I don't think it's far-fetched, but I know Mars Hill Church is a big evangelical power in Seattle.  I guess I'd like a better sense of how many independent Protestant types identify as evangelicals before I hazarded a guess.  But I'm not sure what the point of the debate is -- we both just have vague intuition and non-representative anecdotal evidence.

Since the Census won't ask religion questions we really don't have any way of knowing, but I doubt that there are too many white evangelicals in rural Utah or BYU-land. But here's the big question: How many of them in Utah are ex-Mormons?
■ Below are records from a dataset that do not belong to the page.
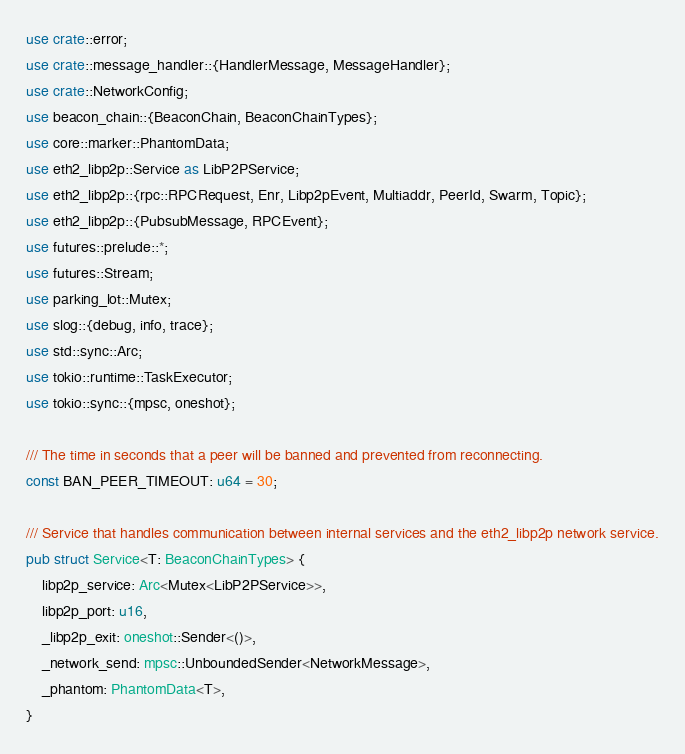<code> <loc_0><loc_0><loc_500><loc_500><_Rust_>use crate::error;
use crate::message_handler::{HandlerMessage, MessageHandler};
use crate::NetworkConfig;
use beacon_chain::{BeaconChain, BeaconChainTypes};
use core::marker::PhantomData;
use eth2_libp2p::Service as LibP2PService;
use eth2_libp2p::{rpc::RPCRequest, Enr, Libp2pEvent, Multiaddr, PeerId, Swarm, Topic};
use eth2_libp2p::{PubsubMessage, RPCEvent};
use futures::prelude::*;
use futures::Stream;
use parking_lot::Mutex;
use slog::{debug, info, trace};
use std::sync::Arc;
use tokio::runtime::TaskExecutor;
use tokio::sync::{mpsc, oneshot};

/// The time in seconds that a peer will be banned and prevented from reconnecting.
const BAN_PEER_TIMEOUT: u64 = 30;

/// Service that handles communication between internal services and the eth2_libp2p network service.
pub struct Service<T: BeaconChainTypes> {
    libp2p_service: Arc<Mutex<LibP2PService>>,
    libp2p_port: u16,
    _libp2p_exit: oneshot::Sender<()>,
    _network_send: mpsc::UnboundedSender<NetworkMessage>,
    _phantom: PhantomData<T>,
}
</code> 
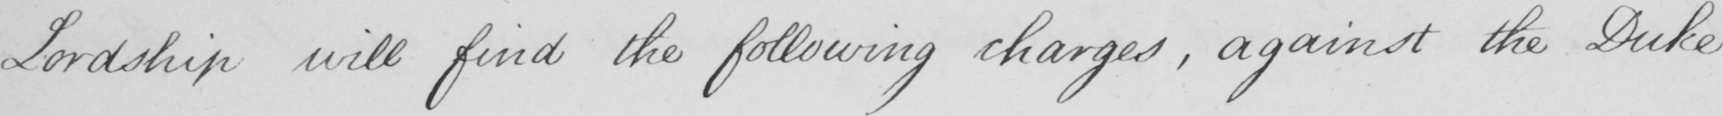What does this handwritten line say? Lordship will find the following charges , against the Duke 
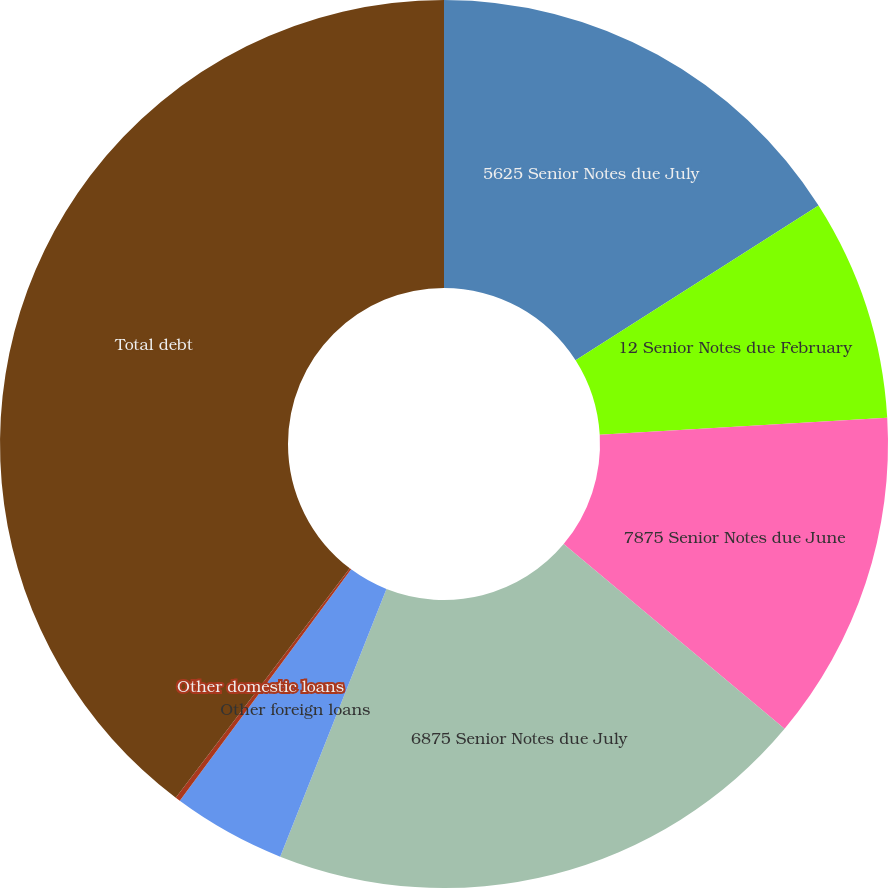Convert chart. <chart><loc_0><loc_0><loc_500><loc_500><pie_chart><fcel>5625 Senior Notes due July<fcel>12 Senior Notes due February<fcel>7875 Senior Notes due June<fcel>6875 Senior Notes due July<fcel>Other foreign loans<fcel>Other domestic loans<fcel>Total debt<nl><fcel>15.98%<fcel>8.08%<fcel>12.03%<fcel>19.93%<fcel>4.13%<fcel>0.18%<fcel>39.68%<nl></chart> 
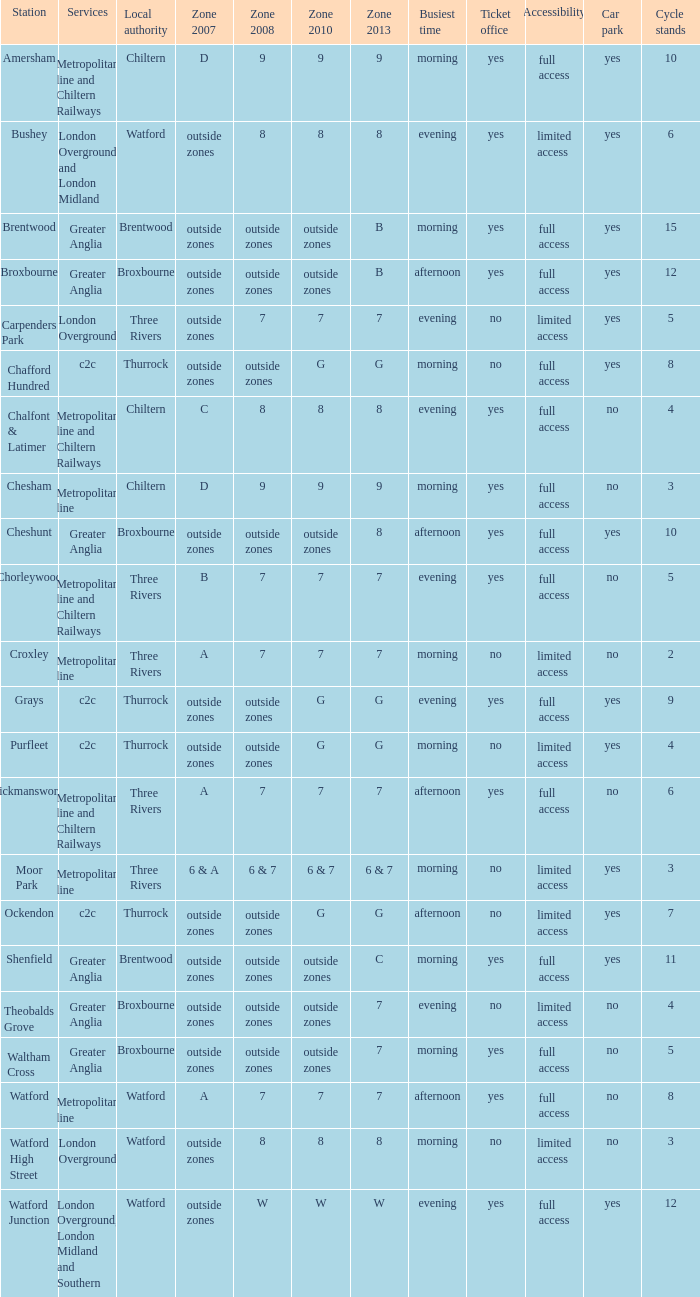Which Local authority has Services of greater anglia? Brentwood, Broxbourne, Broxbourne, Brentwood, Broxbourne, Broxbourne. 
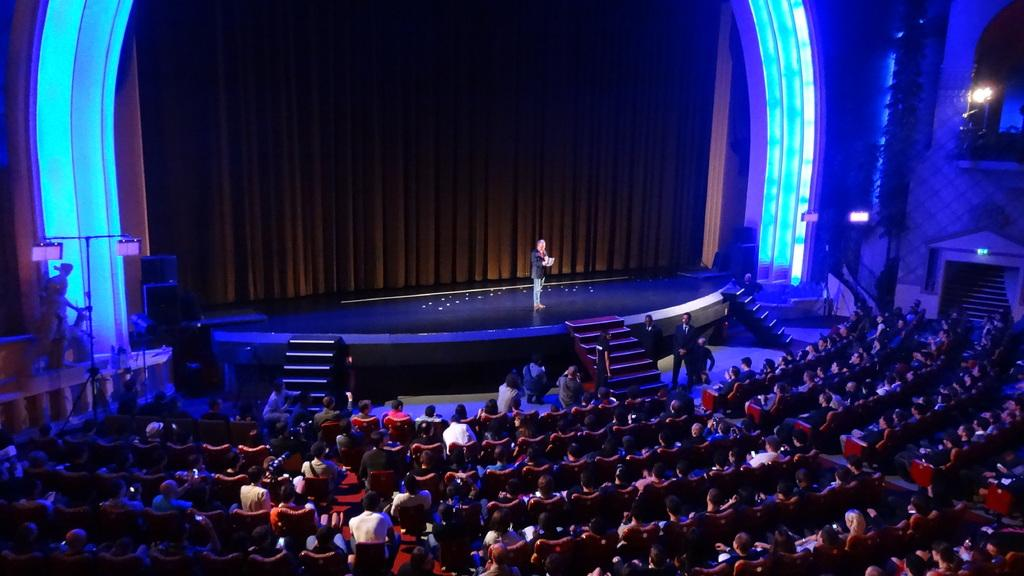What is the main feature of the image? There is a stage in the image. What are the people in the image doing? The people are sitting in chairs in the image. Can you describe any architectural features in the image? There are stairs in the image. What else can be seen in the image? There are lights in the image. Who is on the stage in the image? There is a person standing on the stage in the image. What type of stream can be seen flowing through the stage in the image? There is no stream present in the image; it features a stage with people sitting in chairs, stairs, and lights. 
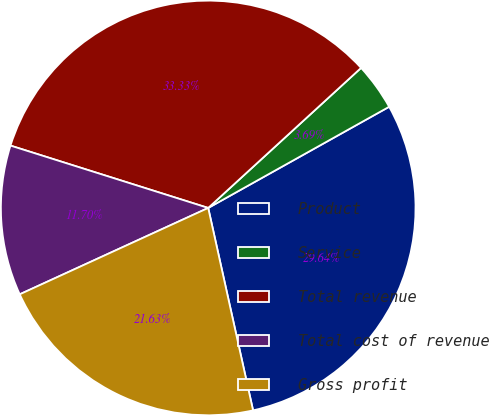<chart> <loc_0><loc_0><loc_500><loc_500><pie_chart><fcel>Product<fcel>Service<fcel>Total revenue<fcel>Total cost of revenue<fcel>Gross profit<nl><fcel>29.64%<fcel>3.69%<fcel>33.33%<fcel>11.7%<fcel>21.63%<nl></chart> 
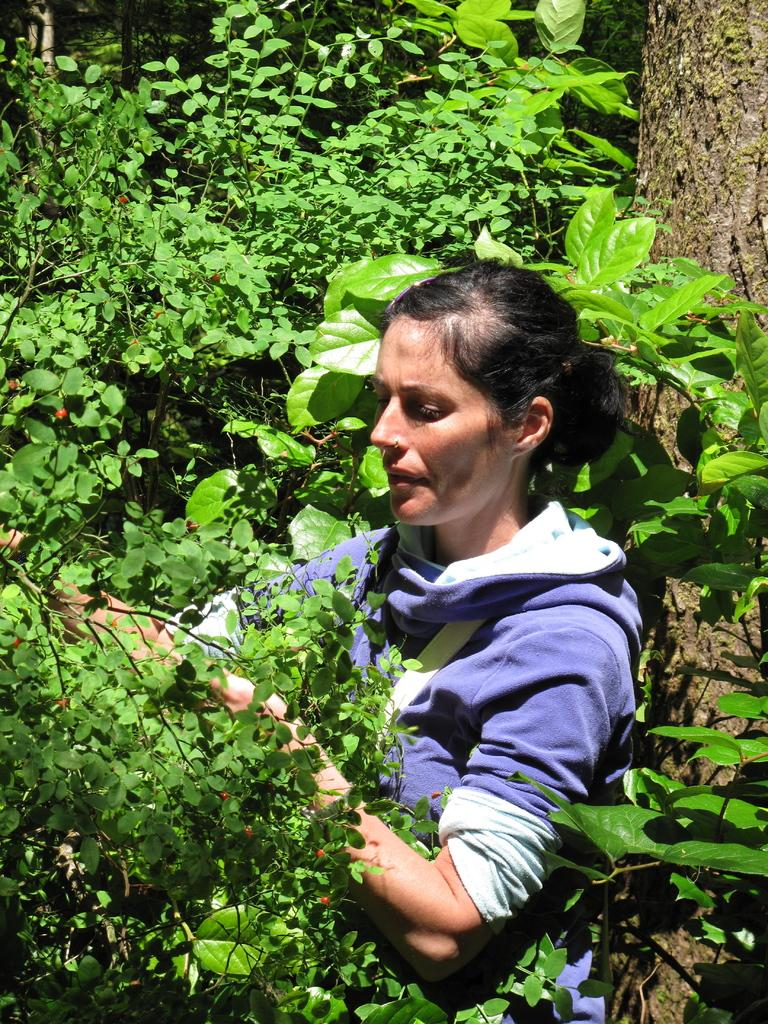Who is the main subject in the image? There is a woman in the image. What is the woman's position in relation to the tree? The woman is lying near the trunk of a tree. What type of vegetation is present around her? There are green leaves around her. What type of fruit is hanging from the tree in the image? There is no fruit visible in the image; only green leaves are present around the woman. 
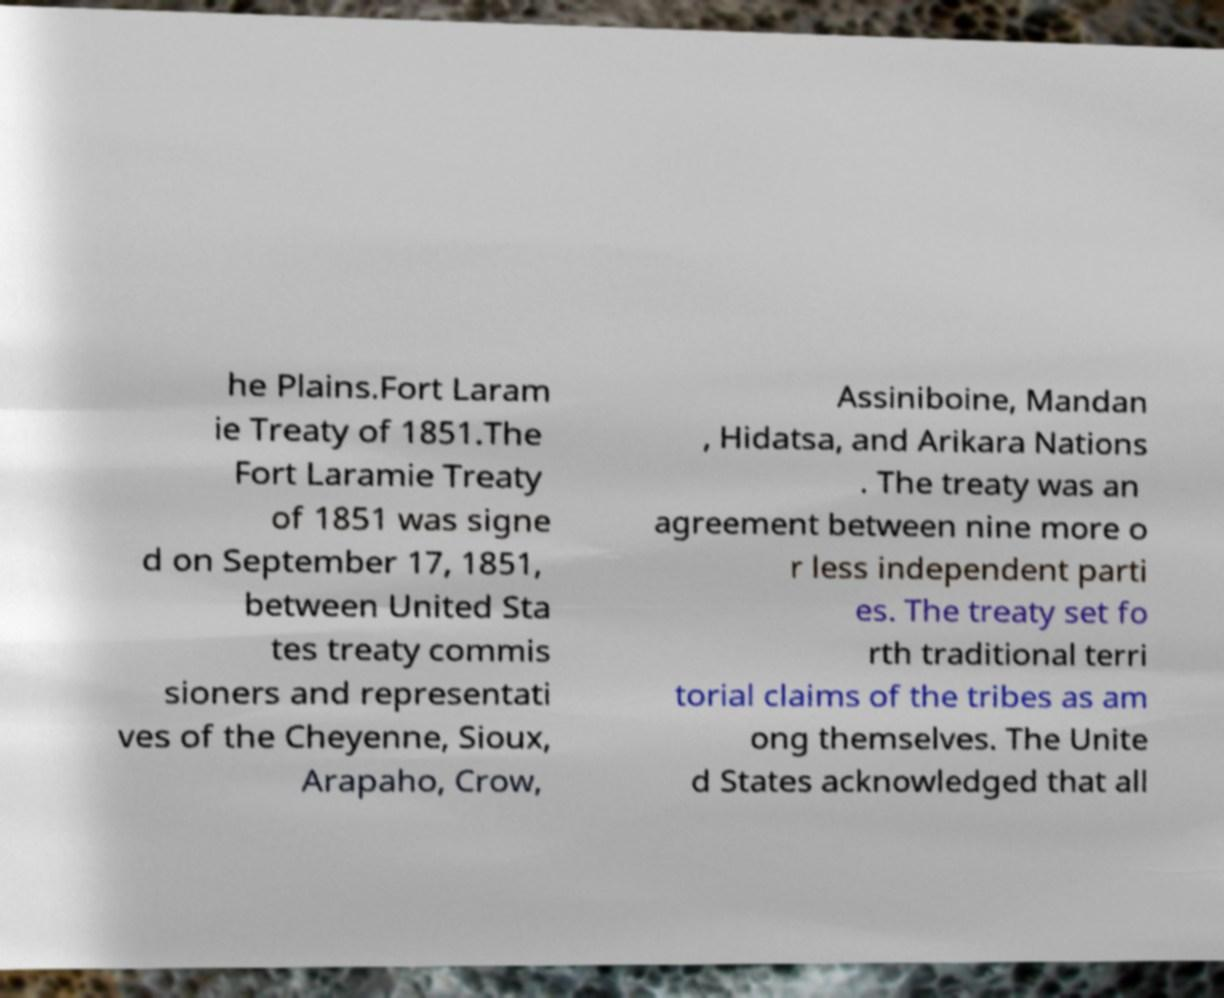What messages or text are displayed in this image? I need them in a readable, typed format. he Plains.Fort Laram ie Treaty of 1851.The Fort Laramie Treaty of 1851 was signe d on September 17, 1851, between United Sta tes treaty commis sioners and representati ves of the Cheyenne, Sioux, Arapaho, Crow, Assiniboine, Mandan , Hidatsa, and Arikara Nations . The treaty was an agreement between nine more o r less independent parti es. The treaty set fo rth traditional terri torial claims of the tribes as am ong themselves. The Unite d States acknowledged that all

I'm not sure; the "Other Christian" population (Utah's biggest non-Mormon population, who don't identify as "Protestant") is nebulous to me.  Are these generi-Christian Park City types, lapsed Mormons who still identify with the Christian faith, progressive Christians of some type, evangelicals, or what?  When we're talking a 10% population (Protestant + "Other Christian") there don't have to be many.  Is the Utah fundie population really that microscopic?  Shrug.

Then again, I guess we've seen exit polls that say the non-Mormon population is heavily Democratic.  I'm not sure what to think, honestly.  The data we have are fairly terrible.